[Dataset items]
════════════════════

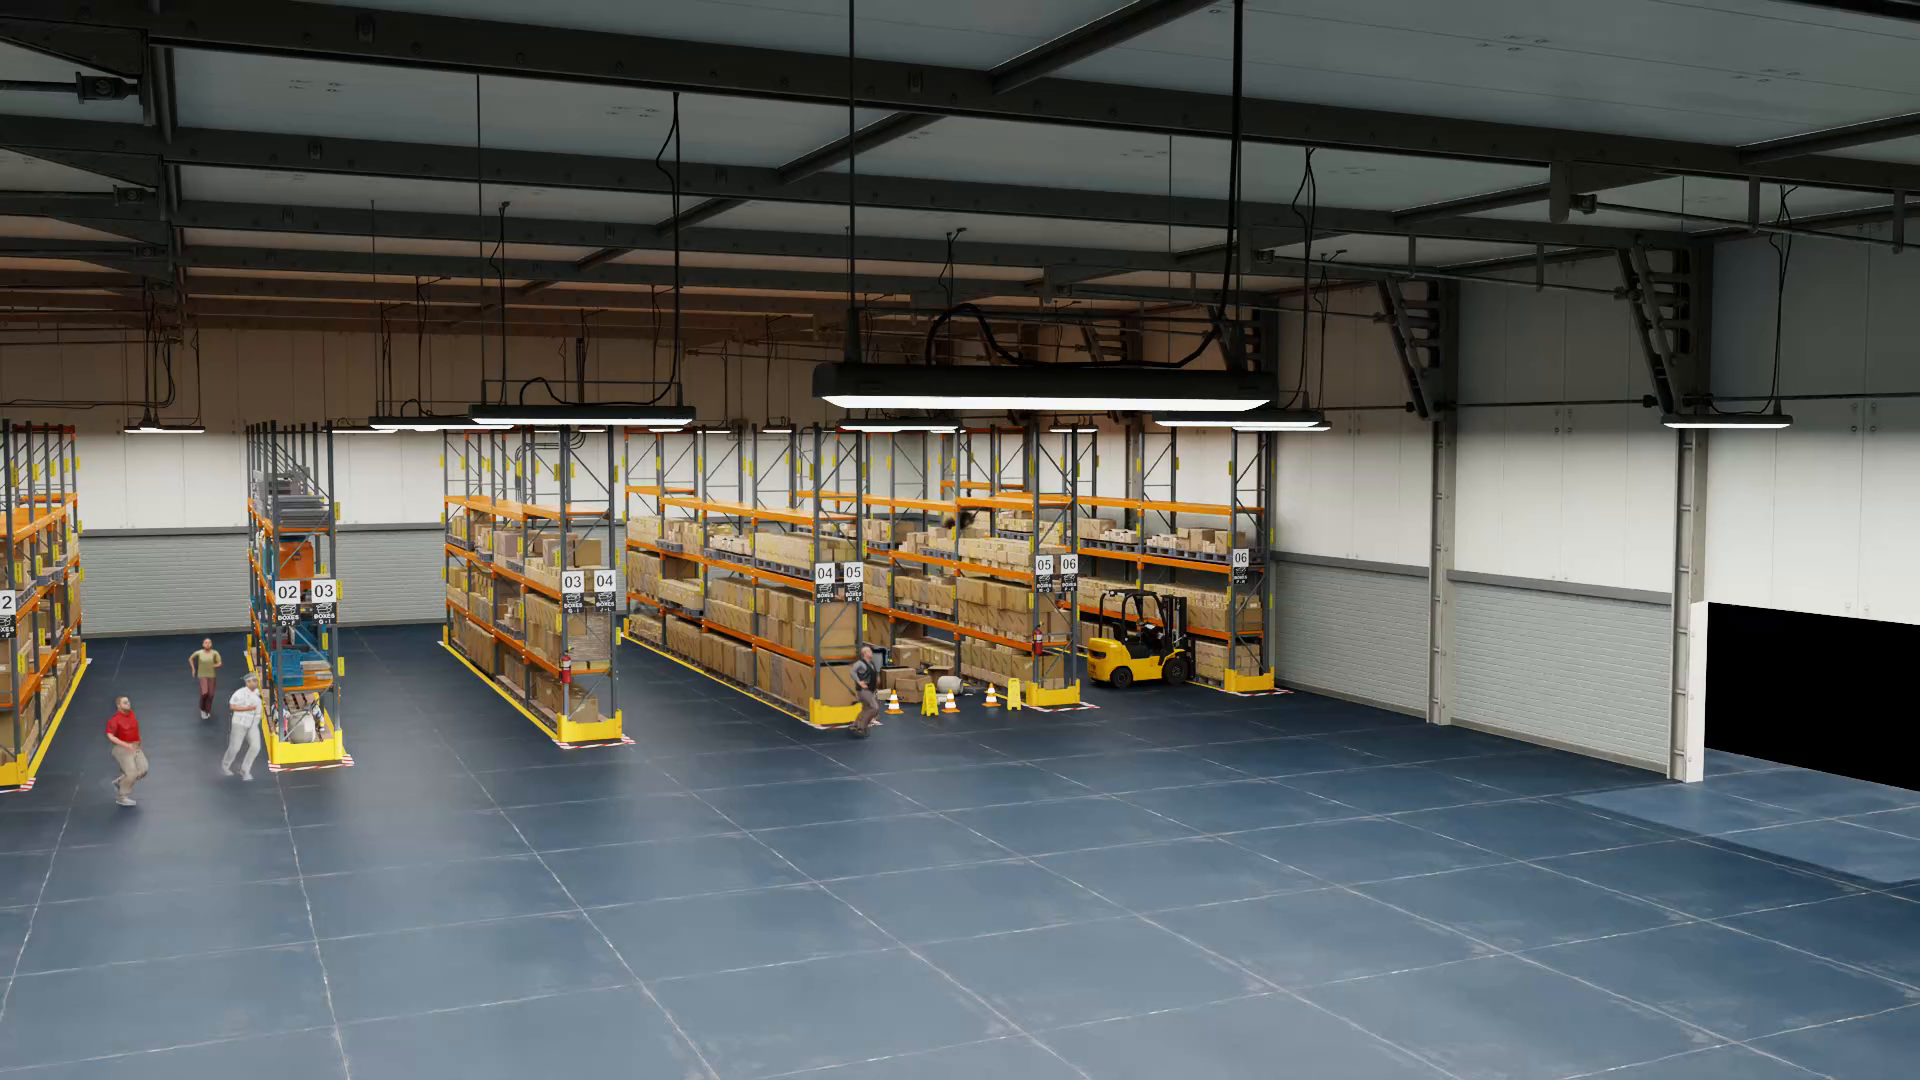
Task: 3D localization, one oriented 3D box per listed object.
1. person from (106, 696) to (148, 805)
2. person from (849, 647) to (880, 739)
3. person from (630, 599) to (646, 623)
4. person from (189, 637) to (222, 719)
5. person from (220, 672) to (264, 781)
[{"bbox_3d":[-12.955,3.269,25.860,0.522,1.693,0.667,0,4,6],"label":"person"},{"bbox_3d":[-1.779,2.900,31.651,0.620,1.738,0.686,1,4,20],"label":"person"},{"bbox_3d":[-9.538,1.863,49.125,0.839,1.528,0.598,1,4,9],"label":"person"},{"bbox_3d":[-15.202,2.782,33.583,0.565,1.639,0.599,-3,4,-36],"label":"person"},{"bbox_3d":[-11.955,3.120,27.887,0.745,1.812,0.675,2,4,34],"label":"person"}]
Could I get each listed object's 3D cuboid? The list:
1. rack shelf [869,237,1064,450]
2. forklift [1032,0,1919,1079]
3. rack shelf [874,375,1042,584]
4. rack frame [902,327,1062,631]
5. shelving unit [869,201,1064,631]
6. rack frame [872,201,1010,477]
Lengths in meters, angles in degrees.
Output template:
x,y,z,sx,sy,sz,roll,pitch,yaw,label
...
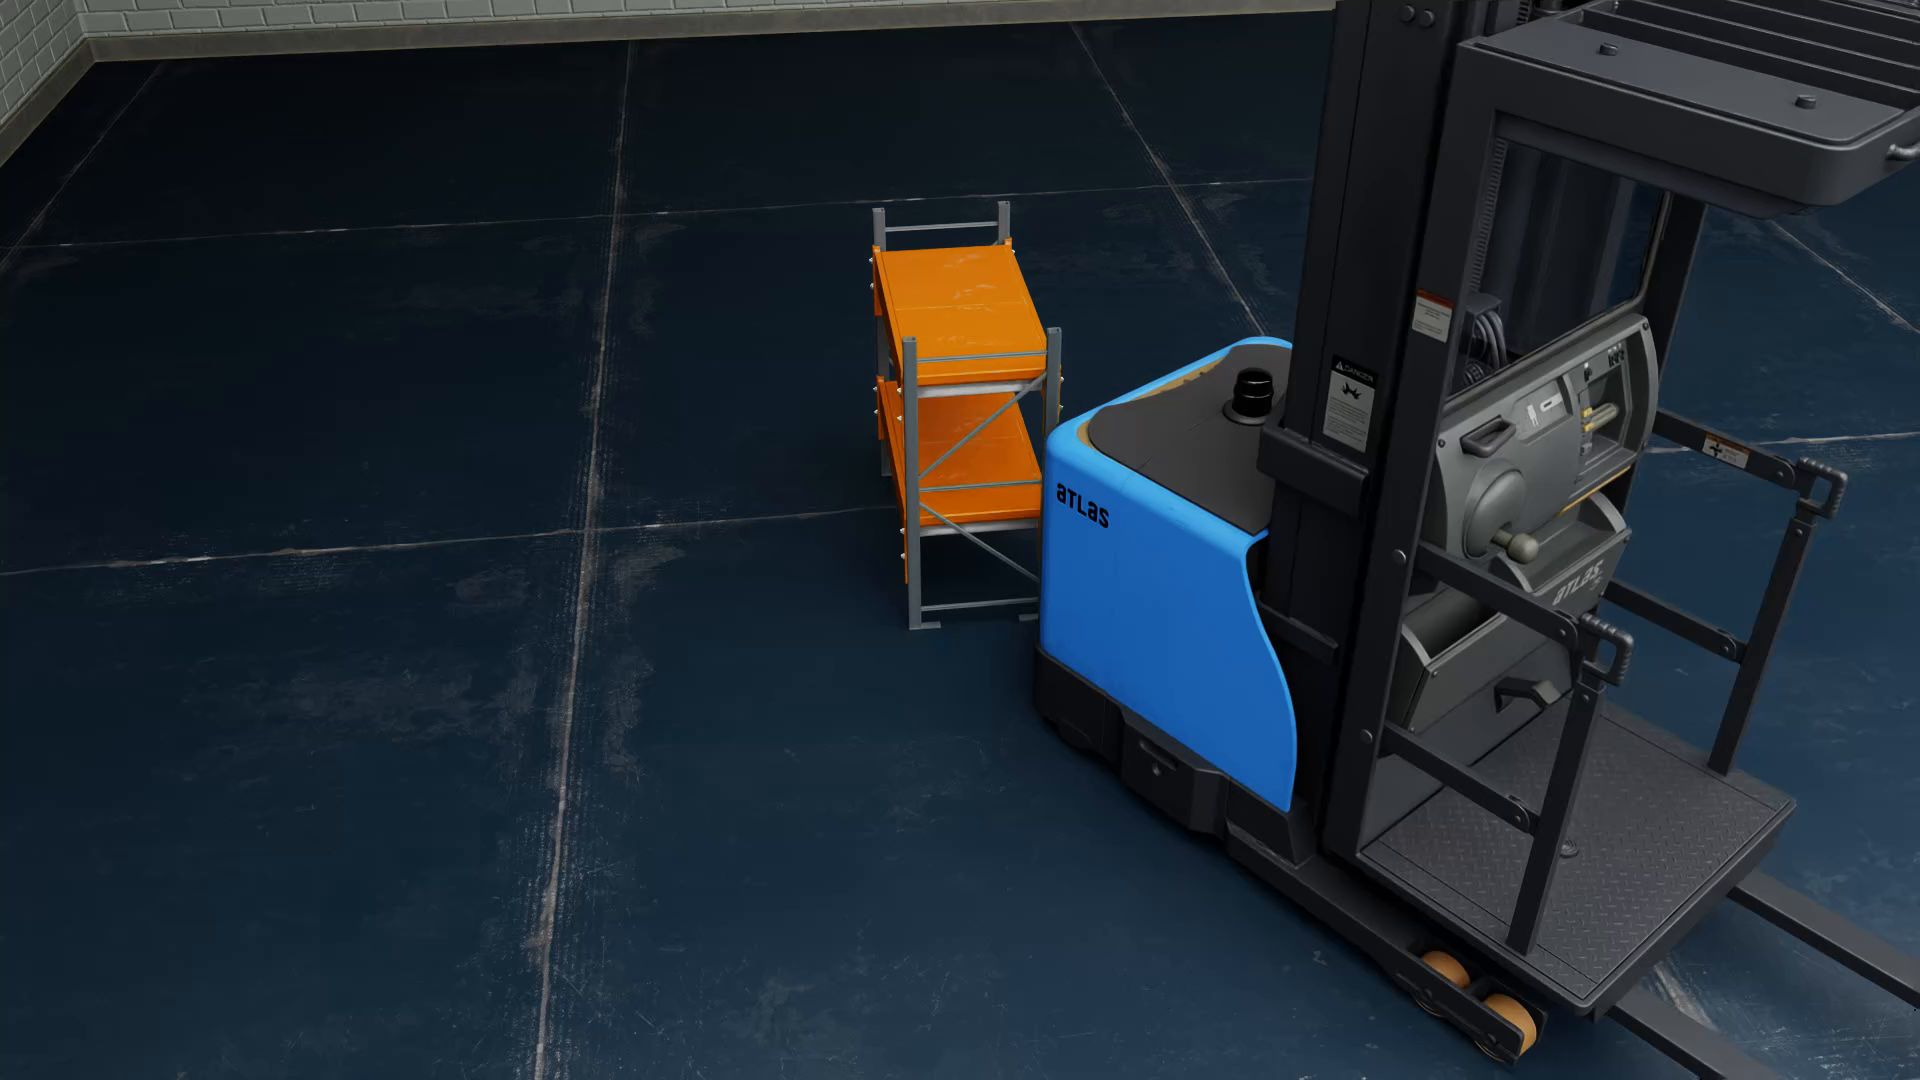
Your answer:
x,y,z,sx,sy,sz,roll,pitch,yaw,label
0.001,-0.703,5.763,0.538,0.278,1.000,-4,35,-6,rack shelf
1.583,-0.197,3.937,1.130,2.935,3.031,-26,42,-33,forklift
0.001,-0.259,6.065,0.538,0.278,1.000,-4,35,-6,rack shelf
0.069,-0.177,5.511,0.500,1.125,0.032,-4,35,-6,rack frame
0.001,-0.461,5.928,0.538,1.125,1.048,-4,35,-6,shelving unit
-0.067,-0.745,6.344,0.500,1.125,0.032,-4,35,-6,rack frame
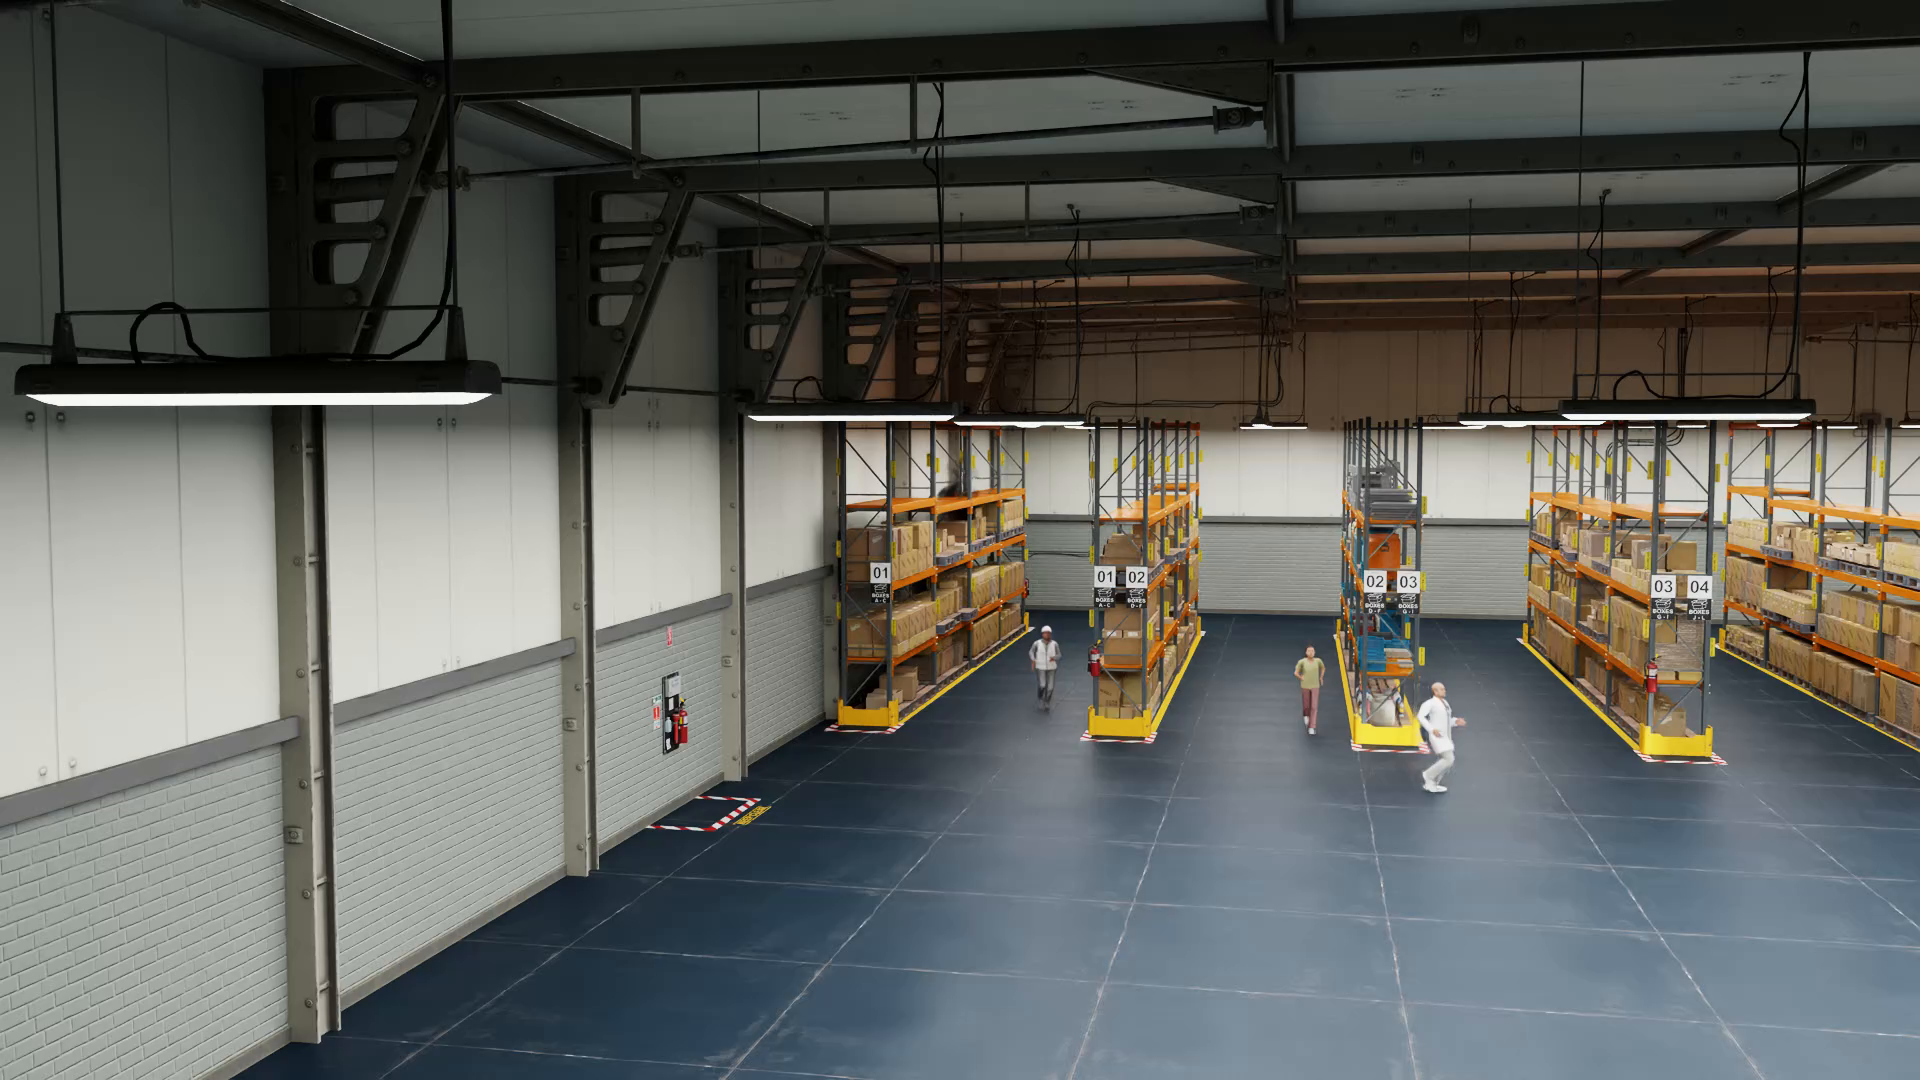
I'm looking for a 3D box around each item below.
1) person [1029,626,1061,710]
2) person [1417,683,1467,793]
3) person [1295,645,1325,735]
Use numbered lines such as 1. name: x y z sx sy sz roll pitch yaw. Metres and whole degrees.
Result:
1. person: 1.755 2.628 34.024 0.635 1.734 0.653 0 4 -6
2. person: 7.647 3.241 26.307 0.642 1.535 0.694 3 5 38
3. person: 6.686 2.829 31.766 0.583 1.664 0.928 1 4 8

════════════════════

> _ABOUT THIS EXERCISE_
What is needed is an exact copy of the data, without any pictures.

> _SOLVED EXERCISE_
Task: 3D localization, one oriented 3D box per listed object.
1. person from (106, 696) to (148, 805)
2. person from (849, 647) to (880, 739)
3. person from (630, 599) to (646, 623)
4. person from (189, 637) to (222, 719)
5. person from (220, 672) to (264, 781)
[{"bbox_3d":[-12.955,3.269,25.860,0.522,1.693,0.667,0,4,6],"label":"person"},{"bbox_3d":[-1.779,2.900,31.651,0.620,1.738,0.686,1,4,20],"label":"person"},{"bbox_3d":[-9.538,1.863,49.125,0.839,1.528,0.598,1,4,9],"label":"person"},{"bbox_3d":[-15.202,2.782,33.583,0.565,1.639,0.599,-3,4,-36],"label":"person"},{"bbox_3d":[-11.955,3.120,27.887,0.745,1.812,0.675,2,4,34],"label":"person"}]
Could I get each listed object's 3D cuboid? The list:
1. rack shelf [869,237,1064,450]
2. forklift [1032,0,1919,1079]
3. rack shelf [874,375,1042,584]
4. rack frame [902,327,1062,631]
5. shelving unit [869,201,1064,631]
6. rack frame [872,201,1010,477]
Lengths in meters, angles in degrees.
Output template:
x,y,z,sx,sy,sz,roll,pitch,yaw,label
...
Your answer:
x,y,z,sx,sy,sz,roll,pitch,yaw,label
0.001,-0.703,5.763,0.538,0.278,1.000,-4,35,-6,rack shelf
1.583,-0.197,3.937,1.130,2.935,3.031,-26,42,-33,forklift
0.001,-0.259,6.065,0.538,0.278,1.000,-4,35,-6,rack shelf
0.069,-0.177,5.511,0.500,1.125,0.032,-4,35,-6,rack frame
0.001,-0.461,5.928,0.538,1.125,1.048,-4,35,-6,shelving unit
-0.067,-0.745,6.344,0.500,1.125,0.032,-4,35,-6,rack frame
I'm looking for a 3D box around each item below.
1) person [1029,626,1061,710]
2) person [1417,683,1467,793]
3) person [1295,645,1325,735]
Use numbered lines such as 1. name: x y z sx sy sz roll pitch yaw. Metres and whole degrees.
Result:
1. person: 1.755 2.628 34.024 0.635 1.734 0.653 0 4 -6
2. person: 7.647 3.241 26.307 0.642 1.535 0.694 3 5 38
3. person: 6.686 2.829 31.766 0.583 1.664 0.928 1 4 8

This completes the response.